We depart from both bills in proposing to broaden the scope of algorithmic decision-making impact assessments for large data holders to include both an initial risk assessment prior to deploying algorithmic decision-making and annual audits of the results after deployment to evaluate outcomes.
Both COPRA and the USCDPA prescribe their respective obligations for algorithmic decision-making impact assessments and privacy risk assessments annually. Although annual assessments can provide an important ongoing factual record, the effect would be that most entities would conduct assessments after the fact, alongside whatever other algorithmic decision-making they deploy over the course of the year. Because advance thought on the impact of algorithmic decision-making is essential to avoid undesirable outcomes, we recommend requiring large data holders to conduct impact assessments when “considering” using a new algorithmic decision-making system—not just within one year.
We also suggest broadening the types of algorithmic decisions covered. COPRA lists only five specific categories: housing, education, employment, credit and public accommodations. All of these clearly can have a major impact on people’s lives. To protect individuals and enlarge understanding of the impact of algorithmic decision-making, we believe the trigger to conduct algorithmic decision-making impact assessments should be when covered entities consider using systems that more broadly “may have a significant effect on individuals”—similar to provisions on “automated individual decision-making” in the EU’s General Data Protection Regulation.
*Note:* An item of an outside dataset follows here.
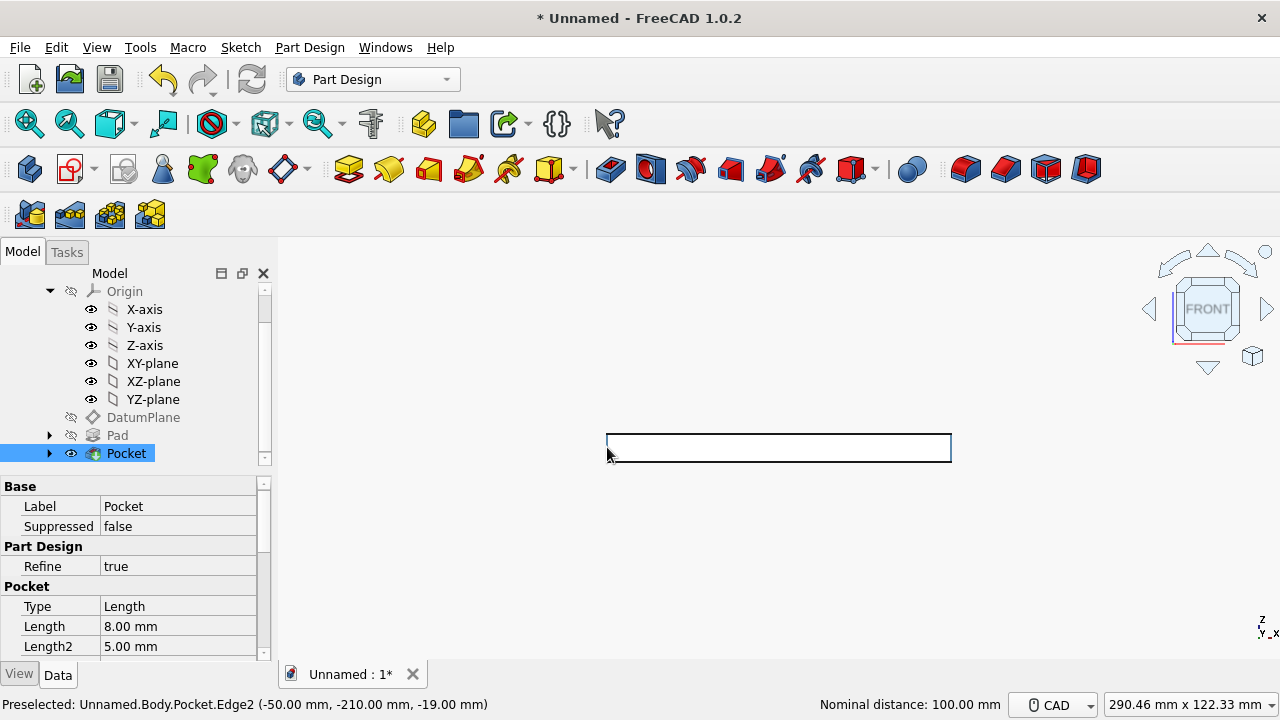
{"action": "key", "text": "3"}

Targeting algorithmic decision-making impact assessments to large data holders would not free smaller entities from any responsibility for the effects of their algorithms because, as we conceive it, all covered entities would still be subject to the duty of care—which would mandate nondiscrimination—and to a baseline obligation to consider privacy risks and benefits to individuals.
Privacy Is a Civil Rights Issue
Machines should not have a license to discriminate where humans cannot. Nondiscrimination provisions belong in privacy legislation because the use of personal information to discriminate implicates interests at the core of what privacy should protect—controlling how personal information is used and ensuring that this information is not used against the interests of individuals.